EXERCISE AIM
Write out every line below that includes the word "than".

[Start of section]

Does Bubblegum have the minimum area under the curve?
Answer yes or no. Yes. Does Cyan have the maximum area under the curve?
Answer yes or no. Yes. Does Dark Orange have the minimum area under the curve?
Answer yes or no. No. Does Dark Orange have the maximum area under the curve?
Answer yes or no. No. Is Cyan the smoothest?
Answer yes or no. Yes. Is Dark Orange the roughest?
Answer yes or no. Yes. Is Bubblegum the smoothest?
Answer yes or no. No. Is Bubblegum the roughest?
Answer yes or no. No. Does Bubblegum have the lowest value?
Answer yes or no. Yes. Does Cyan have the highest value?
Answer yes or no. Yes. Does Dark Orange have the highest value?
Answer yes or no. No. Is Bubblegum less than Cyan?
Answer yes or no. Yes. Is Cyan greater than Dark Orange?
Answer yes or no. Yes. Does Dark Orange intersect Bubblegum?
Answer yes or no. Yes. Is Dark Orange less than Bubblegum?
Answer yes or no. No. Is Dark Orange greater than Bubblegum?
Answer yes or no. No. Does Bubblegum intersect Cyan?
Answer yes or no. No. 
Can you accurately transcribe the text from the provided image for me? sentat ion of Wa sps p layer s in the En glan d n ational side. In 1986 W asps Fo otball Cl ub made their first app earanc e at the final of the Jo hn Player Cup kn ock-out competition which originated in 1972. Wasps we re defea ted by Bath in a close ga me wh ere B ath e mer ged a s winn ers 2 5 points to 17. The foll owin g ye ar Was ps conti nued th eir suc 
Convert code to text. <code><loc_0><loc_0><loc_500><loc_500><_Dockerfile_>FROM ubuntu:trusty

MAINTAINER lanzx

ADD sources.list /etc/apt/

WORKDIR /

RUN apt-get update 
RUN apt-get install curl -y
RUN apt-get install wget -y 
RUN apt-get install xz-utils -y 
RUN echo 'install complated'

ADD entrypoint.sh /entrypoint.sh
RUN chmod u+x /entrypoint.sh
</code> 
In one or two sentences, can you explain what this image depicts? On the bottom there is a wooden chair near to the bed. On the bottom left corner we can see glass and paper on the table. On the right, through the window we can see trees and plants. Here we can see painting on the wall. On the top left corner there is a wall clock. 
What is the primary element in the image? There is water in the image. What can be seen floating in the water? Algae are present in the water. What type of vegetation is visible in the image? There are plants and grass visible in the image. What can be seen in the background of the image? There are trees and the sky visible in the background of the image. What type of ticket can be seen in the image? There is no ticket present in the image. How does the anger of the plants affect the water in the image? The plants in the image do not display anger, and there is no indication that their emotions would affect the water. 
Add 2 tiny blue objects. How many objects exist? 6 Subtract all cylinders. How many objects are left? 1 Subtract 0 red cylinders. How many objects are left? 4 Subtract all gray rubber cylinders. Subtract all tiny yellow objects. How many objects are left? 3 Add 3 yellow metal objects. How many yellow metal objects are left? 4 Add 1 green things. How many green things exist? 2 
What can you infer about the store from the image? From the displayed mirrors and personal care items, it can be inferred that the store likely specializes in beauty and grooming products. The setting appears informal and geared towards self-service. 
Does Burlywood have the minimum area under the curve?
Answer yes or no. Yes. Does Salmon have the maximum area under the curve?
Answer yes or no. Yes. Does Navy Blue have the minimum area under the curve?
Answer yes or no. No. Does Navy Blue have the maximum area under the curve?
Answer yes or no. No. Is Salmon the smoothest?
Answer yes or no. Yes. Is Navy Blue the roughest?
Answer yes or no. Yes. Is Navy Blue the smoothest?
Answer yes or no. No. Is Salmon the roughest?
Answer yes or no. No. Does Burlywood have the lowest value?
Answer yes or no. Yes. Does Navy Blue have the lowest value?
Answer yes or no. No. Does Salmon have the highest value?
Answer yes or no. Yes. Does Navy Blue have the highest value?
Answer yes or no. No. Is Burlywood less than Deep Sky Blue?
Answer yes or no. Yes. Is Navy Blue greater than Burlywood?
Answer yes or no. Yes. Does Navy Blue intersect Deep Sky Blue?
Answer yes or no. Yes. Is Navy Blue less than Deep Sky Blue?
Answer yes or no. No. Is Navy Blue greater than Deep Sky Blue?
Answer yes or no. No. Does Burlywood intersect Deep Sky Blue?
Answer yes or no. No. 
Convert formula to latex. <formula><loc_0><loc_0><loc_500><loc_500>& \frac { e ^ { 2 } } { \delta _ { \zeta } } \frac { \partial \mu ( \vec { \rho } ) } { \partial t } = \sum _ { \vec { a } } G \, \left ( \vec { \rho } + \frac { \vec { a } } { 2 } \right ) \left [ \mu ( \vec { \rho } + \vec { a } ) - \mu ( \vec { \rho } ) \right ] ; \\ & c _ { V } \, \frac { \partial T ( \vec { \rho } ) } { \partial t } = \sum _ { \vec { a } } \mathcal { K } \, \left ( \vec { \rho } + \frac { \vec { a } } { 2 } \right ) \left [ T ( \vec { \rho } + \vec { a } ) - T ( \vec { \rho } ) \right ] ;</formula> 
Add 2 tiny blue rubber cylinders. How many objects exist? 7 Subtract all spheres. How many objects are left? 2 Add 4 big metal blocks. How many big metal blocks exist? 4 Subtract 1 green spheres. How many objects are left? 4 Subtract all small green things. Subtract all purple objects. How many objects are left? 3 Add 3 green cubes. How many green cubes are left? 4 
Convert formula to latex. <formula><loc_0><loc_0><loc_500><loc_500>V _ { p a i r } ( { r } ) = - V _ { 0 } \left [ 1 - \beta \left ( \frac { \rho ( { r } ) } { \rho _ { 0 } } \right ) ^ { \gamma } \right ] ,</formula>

[End of section]

RESPONSE
Answer yes or no. No. Is Bubblegum less than Cyan?
Answer yes or no. Yes. Is Cyan greater than Dark Orange?
Answer yes or no. Yes. Is Dark Orange less than Bubblegum?
Answer yes or no. No. Is Dark Orange greater than Bubblegum?
Answer yes or no. No. Is Burlywood less than Deep Sky Blue?
Answer yes or no. Yes. Is Navy Blue greater than Burlywood?
Answer yes or no. Yes. Is Navy Blue less than Deep Sky Blue?
Answer yes or no. No. Is Navy Blue greater than Deep Sky Blue?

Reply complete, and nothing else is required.